Complex Visual Classes

Research on pigeon categorization has produced ample evidence in favor of all three theories of categorization: exemplar, feature, and prototype theory. The most pessimistic conclusion might be that the artificial stimuli, or the artificial feature combinations, devised by the experimenter produced experimental artifacts in the pigeons' behavior. The birds may have simply learned "a set of nonsense stimuli associated with reward rather than relying on the type of classification they may use outside the test chamber" (Watanabe et al., 1993; p. 372). In their natural visual worlds, pigeons are faced with objects rather than with the simplistic stimuli used in psychophysical experiments (Fetterman, 1996). It is very likely that the current inability to specify the kind of features extracted by pigeons from objects or complex scenes, is the main reason for the success of associative theories. In order to provide evidence for either of the other two categorization theories, a precise knowledge of the information that enters the cognitive process of feature integration would be required. However, since the perceptual processes by which the patterns of excitation in sensory nerves are transformed into stable representations of objects and classes are unspecified, neither categorization model has a chance of surviving.

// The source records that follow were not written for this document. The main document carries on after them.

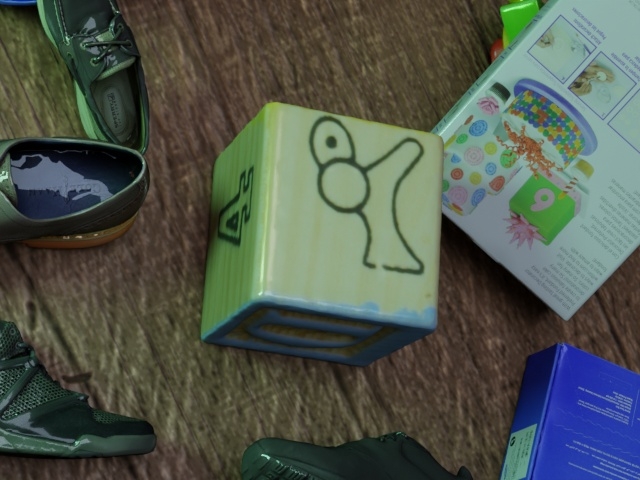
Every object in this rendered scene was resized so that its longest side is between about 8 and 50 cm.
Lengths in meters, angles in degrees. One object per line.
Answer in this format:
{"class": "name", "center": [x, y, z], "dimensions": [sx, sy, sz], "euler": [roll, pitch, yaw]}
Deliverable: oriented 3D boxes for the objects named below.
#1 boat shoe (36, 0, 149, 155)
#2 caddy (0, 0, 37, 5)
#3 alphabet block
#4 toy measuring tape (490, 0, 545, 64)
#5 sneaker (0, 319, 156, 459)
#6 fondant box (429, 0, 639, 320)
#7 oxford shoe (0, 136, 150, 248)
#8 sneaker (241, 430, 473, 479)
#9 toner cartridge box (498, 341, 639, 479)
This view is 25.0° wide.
{"class": "boat shoe", "center": [-0.207, -0.178, 1.386], "dimensions": [0.080, 0.073, 0.224], "euler": [-32, 131, -25]}
{"class": "caddy", "center": [-0.256, -0.381, 1.433], "dimensions": [0.341, 0.179, 0.241], "euler": [-28, 81, -14]}
{"class": "alphabet block", "center": [0.000, 0.000, 1.417], "dimensions": [0.192, 0.193, 0.197], "euler": [11, 71, -20]}
{"class": "toy measuring tape", "center": [0.271, -0.147, 1.633], "dimensions": [0.121, 0.121, 0.330], "euler": [-22, 100, -26]}
{"class": "sneaker", "center": [-0.258, 0.137, 1.331], "dimensions": [0.227, 0.087, 0.130], "euler": [10, 77, -13]}
{"class": "fondant box", "center": [0.280, -0.117, 1.526], "dimensions": [0.238, 0.096, 0.330], "euler": [41, 99, -6]}
{"class": "oxford shoe", "center": [-0.336, -0.047, 1.327], "dimensions": [0.363, 0.133, 0.130], "euler": [-10, 79, -21]}
{"class": "sneaker", "center": [0.043, 0.242, 1.413], "dimensions": [0.286, 0.109, 0.130], "euler": [28, 44, -29]}
{"class": "toner cartridge box", "center": [0.371, 0.251, 1.557], "dimensions": [0.347, 0.075, 0.165], "euler": [23, 68, -14]}
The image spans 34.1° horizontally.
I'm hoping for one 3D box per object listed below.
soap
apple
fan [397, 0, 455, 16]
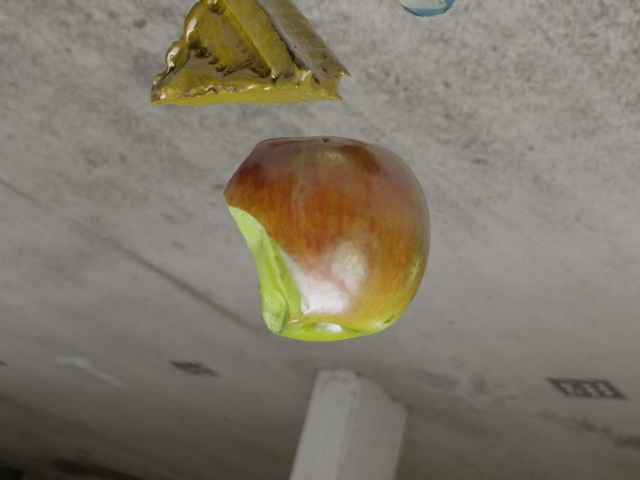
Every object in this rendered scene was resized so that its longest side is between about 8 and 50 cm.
[{"bbox_3d":[-0.130,-0.255,1.781,0.169,0.339,0.304,8,127,-41],"label":"soap"},{"bbox_3d":[0.000,0.000,1.180,0.246,0.226,0.246,3,174,0],"label":"apple"},{"bbox_3d":[0.114,-0.366,1.428,0.175,0.005,0.113,18,124,29],"label":"fan"}]

Many of the above experiments have been interpreted in terms of human language concepts. The same cognitive revolution that earlier washed across the study of human learning had also a (delayed) impact on the study of animal behavior. In that era, comparative psychologists were tempted to employ a high-level semantic framework to describe complex classes appropriately. From the bird's point of view, however, even these semantic classes may have allowed a solution to the classification in terms of a few global dimensions of invariance, detected by surveying the entire scene. The basic stimulus aspects to which the pigeon is pre-adapted when performing complex categorization tasks still remains open to question. This lack of knowledge is not a sufficient reason for supposing "that pigeons are doing anything more complex than associating a large number of pictures and/or the features they contain with a reward, and then showing transfer to new pictures to the extent that they contain features previously associated with a reward" (Mackintosh, 2000, p. 125).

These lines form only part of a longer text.